Let $A,B$ be $n×n$ matrices such that $BA = I_n$, where $I_n$ is the identity matrix.
$(1)$ Suppose that there exists $n×n$ matrix $C$ such that $AC = I_n$. Using properties of the matrix multiplication only (Theorem 2, sec. 2.1, p.113) show that $B = C$.

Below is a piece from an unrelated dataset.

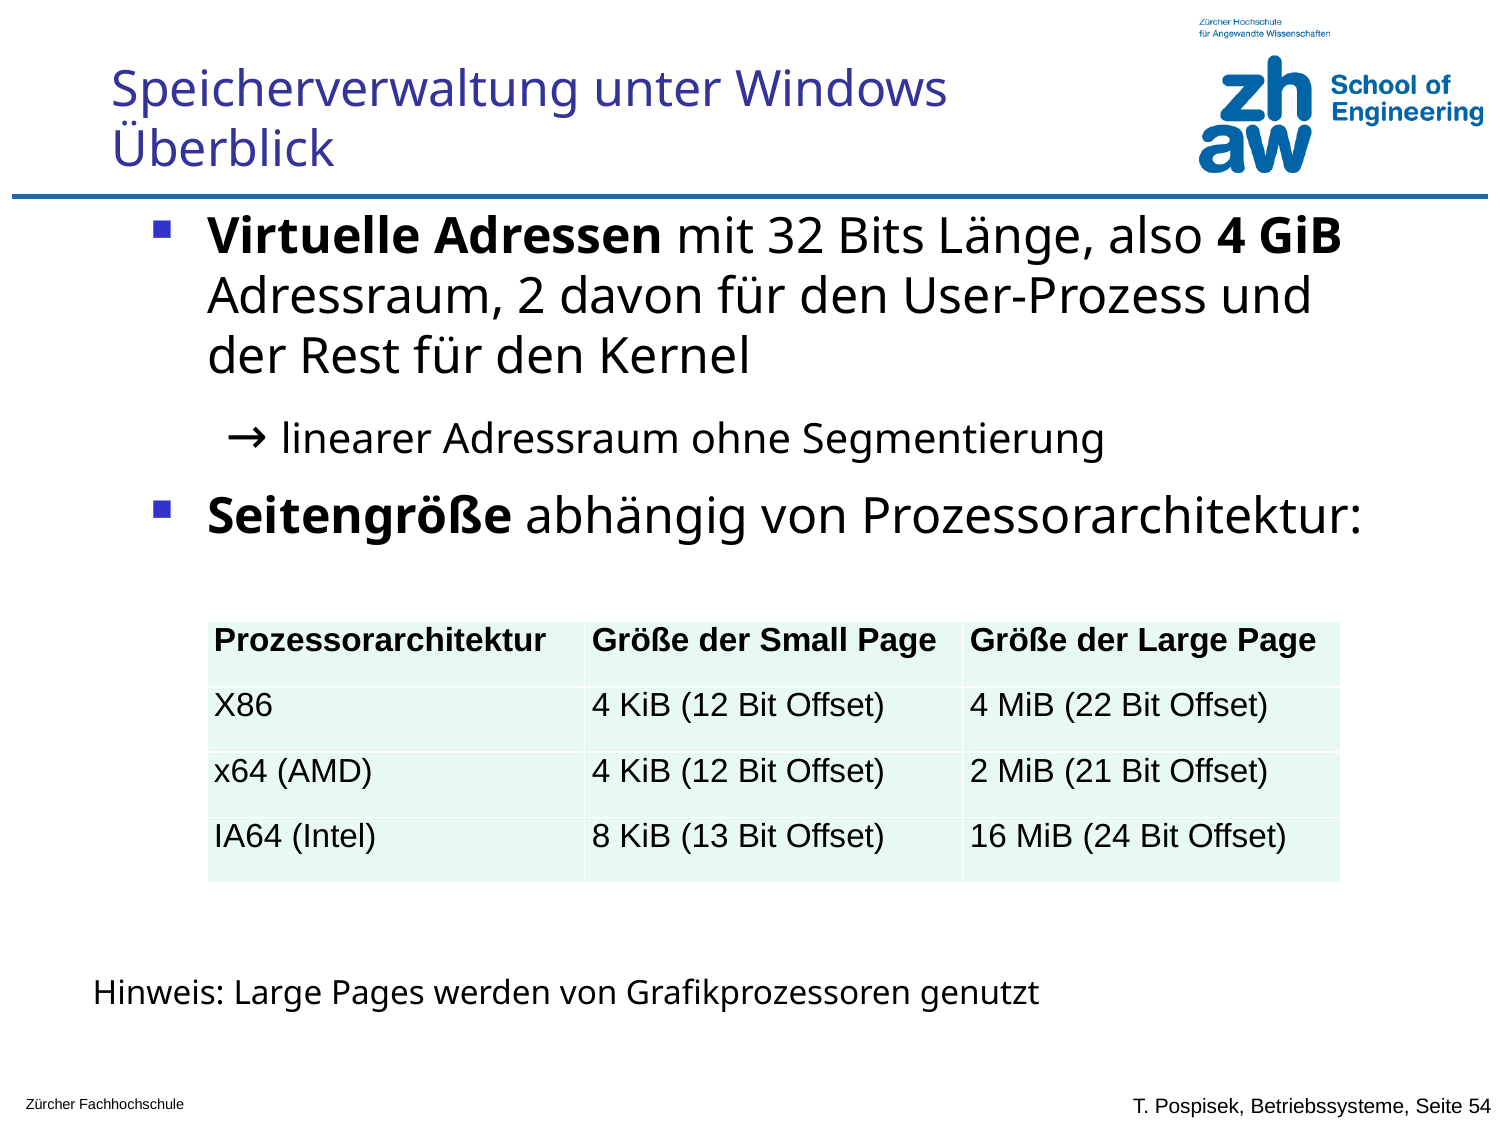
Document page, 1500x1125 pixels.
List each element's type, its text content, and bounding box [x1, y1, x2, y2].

$(2)$ Show that if $A, B$ satisfy $BA = I_n$, then C satisfying $AC = I_n$ exists. Hint: Consider equation $Ax ̄ = e_i$ for $e_i$ - an elements from the standard basis of $R^n$. Show that this equation has a unique solution for each $e_i$.
Theorem 2
Attempt: $(1)$Ehhm... since $BA=I_n$ then $B$ is the inverse of $A$. Same with $C$. And since a matrix has a unique inverse $B=C$. But, I don't see how to prove it using the properties of multiplication only. Maybe something like this: $A=B^{-1}I_n=B^{-1}\\A=I_nC^{-1}=C^{-1}\\C^{-1}=B^{-1}\\C=B$
So, I am not sure about this one because I am using the inverse of a matrix, but I am told to only use the properties of multiplication. Hints please.

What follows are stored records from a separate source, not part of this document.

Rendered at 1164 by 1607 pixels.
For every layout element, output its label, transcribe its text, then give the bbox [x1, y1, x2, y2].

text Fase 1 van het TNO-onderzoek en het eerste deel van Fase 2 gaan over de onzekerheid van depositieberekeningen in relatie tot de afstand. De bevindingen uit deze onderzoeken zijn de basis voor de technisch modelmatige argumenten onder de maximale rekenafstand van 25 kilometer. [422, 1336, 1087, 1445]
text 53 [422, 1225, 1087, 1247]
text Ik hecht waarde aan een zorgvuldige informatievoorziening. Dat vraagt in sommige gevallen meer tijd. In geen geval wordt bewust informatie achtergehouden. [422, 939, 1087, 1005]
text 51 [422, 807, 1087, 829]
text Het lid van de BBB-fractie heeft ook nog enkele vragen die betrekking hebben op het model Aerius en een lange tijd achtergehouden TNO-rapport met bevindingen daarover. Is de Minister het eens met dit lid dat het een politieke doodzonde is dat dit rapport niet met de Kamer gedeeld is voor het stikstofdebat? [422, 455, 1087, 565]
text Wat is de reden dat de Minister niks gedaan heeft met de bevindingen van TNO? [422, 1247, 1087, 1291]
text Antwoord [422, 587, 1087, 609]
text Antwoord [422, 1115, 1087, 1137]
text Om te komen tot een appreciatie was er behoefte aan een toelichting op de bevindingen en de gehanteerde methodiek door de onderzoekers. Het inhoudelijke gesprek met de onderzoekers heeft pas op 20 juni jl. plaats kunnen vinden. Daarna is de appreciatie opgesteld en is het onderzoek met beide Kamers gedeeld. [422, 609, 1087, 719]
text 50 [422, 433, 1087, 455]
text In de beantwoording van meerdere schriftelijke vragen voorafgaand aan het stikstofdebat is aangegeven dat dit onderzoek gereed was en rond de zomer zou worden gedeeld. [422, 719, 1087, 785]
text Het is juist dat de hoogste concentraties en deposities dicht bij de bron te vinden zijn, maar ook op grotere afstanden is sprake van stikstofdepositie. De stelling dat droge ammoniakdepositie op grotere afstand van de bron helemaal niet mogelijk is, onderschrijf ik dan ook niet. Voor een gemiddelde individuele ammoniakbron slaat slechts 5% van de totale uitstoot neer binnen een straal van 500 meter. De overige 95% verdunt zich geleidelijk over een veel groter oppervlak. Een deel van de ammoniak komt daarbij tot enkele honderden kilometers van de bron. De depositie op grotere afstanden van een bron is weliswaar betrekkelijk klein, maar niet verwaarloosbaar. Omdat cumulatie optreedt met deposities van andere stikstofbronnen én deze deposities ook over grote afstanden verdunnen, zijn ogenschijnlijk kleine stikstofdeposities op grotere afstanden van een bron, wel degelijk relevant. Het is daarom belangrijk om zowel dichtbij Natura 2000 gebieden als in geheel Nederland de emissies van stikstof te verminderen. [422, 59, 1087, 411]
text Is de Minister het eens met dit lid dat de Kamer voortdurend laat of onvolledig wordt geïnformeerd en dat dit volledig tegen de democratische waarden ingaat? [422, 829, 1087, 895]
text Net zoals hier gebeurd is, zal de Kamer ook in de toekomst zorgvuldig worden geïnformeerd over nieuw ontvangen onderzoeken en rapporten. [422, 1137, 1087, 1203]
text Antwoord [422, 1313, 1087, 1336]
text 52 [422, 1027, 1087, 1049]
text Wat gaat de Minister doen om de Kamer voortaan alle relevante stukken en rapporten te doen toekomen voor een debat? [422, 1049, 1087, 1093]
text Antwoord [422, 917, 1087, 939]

$(2)$ Lets say that $BA=I_3$. Then, $\vec e_1=\begin{pmatrix} 1 \\ 0 \\ 0 \end{pmatrix}\; ,\vec e_2=\begin{pmatrix} 0 \\ 1 \\ 0 \end{pmatrix}\; ,\vec e_3=\begin{pmatrix} 0 \\ 0 \\ 1 \end{pmatrix}$. Then, $AC=I_3$, where $C=\begin{pmatrix} c_{11} & c_{12} & c_{13} \\ c_{21} & c_{22} & c_{23} \\ c_{31} & c_{32} & c_{33} \end{pmatrix}$. So, $A\begin{pmatrix} c_{11} \\ c_{21} \\ c_{31} \end{pmatrix}= \vec e_1$. I am trying to use that hint here($A\vec x=e_i$ has a unique solution).How do I show that this system is consistent and has a unique solution. Thanks.